Facebook is already rated one of the most satisfying tech companies to work for, and top management want to make sure that distinction sticks. For several months they have been testing a service calledRypple, a website that deluges workers with feedback. It allows colleagues to swap thanks, track goals in real time and solicit input from their co-workers whenever they feel they need it.
After a nine-month pilot project inside Facebook, Rypple on Monday is releasing the product, called Loops, to the market. “Workplace productivity has been stuck to a 50-year-old, paper-based performance-review cycle,” says Daniel Debow, Rypple’s co-founder and co-CEO. “Now there can be rapid, continuous learning and feedback. We can capture social interactions and turn them into data, into real useful feedback.”
Rypple, whose investors include PayPal founder Peter Thiel, is part of a new crop of startups that put intensive feedback loops to work using simple technologies — in this case, the web — to gather data and play it back to users, with the goal of improving behavior — in this case, employee productivity and satisfaction.
With Rypple, feedback comes through four feeds: input from coworkers, either anonymous or identified; “thanks” messages from coworkers; tracking progress towards work goals; and coaching from supervisors. The Loops product, which the company will sell for $9 per employee per month, gathers these four feeds into one channel for a rich, robust, continuous performance review. The company also offers a freemium product that offers some basic feedback tools.

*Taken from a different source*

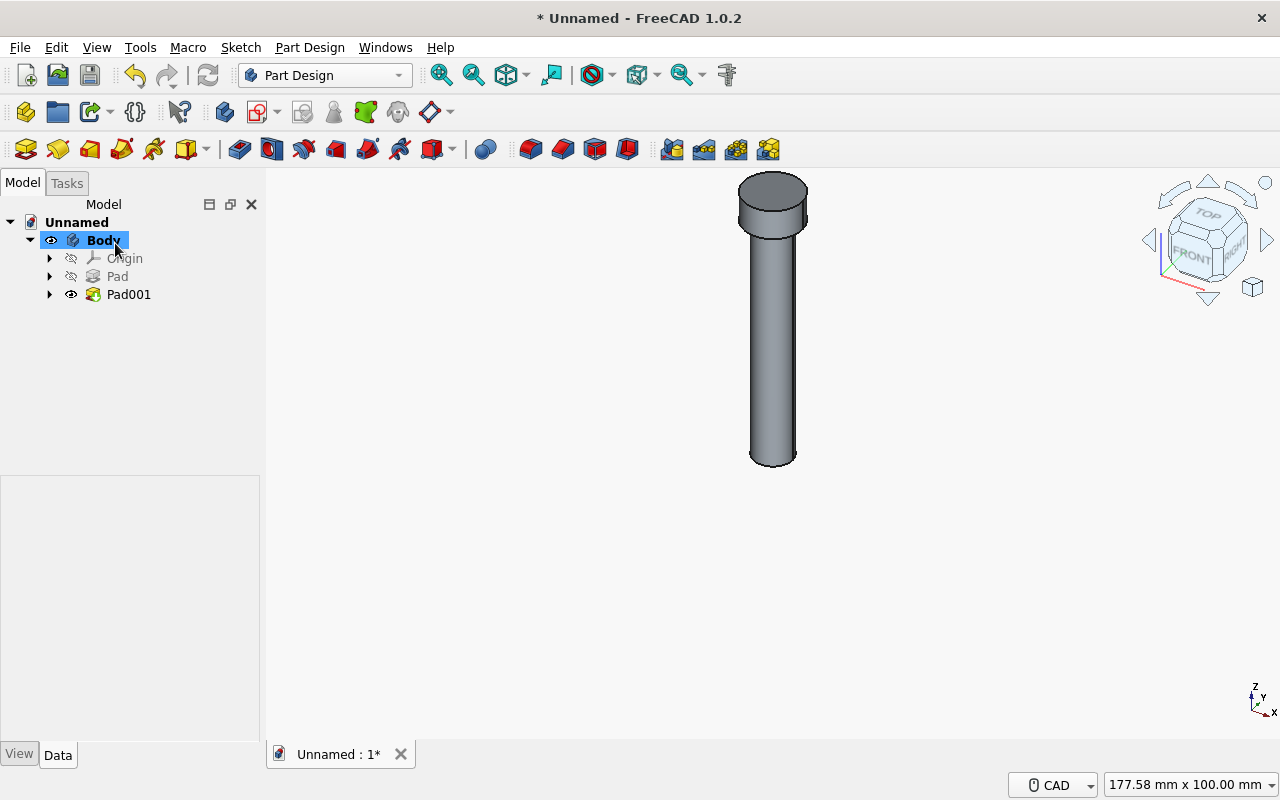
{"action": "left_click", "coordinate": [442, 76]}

“Our company has always been built around feedback loops,” says Facebook engineering director Bob Trahan, who counts himself as employee 45. “Everything we do in engineering is reviewed: Engineer A reviews what Engineer B does. We have design reviews twice a week. We track performance metrics for code, in terms of speed and time. So Rypple fits with our culture very well.”
Rypple also allows flexibility in departments that don’t require — or want — intense, always-on feedback. Adam Ward, the company’s head of university recruiting, uses the product with his team of 27 recruiters to do check-ins every two weeks rather than the typical once-a-year review. “It gives people a sense of the unknown: Where do I stand? People love that. It really resonates,” says Ward. Once a year isn’t enough? “If we want to avoid becoming too big and bureaucratic – basically to avoid being a company that rhymes with Google or that ends in “-soft” – we think that real time, ongoing feedback helps us move fast and avoid too much bureaucracy,” says Ward.
The whole process of managing employee performance and providing feedback has been in need of an overhaul for some time. The 360-degree review was popularized in the 1990s, with the notion that soliciting comments from many people who work with an individual, rather than from just an immediate supervisor, provides a more thorough and valid insight into an employee’s performance and potential. But these “three-sixties” have many limitations, the biggest of which is that they typically happen only once a year.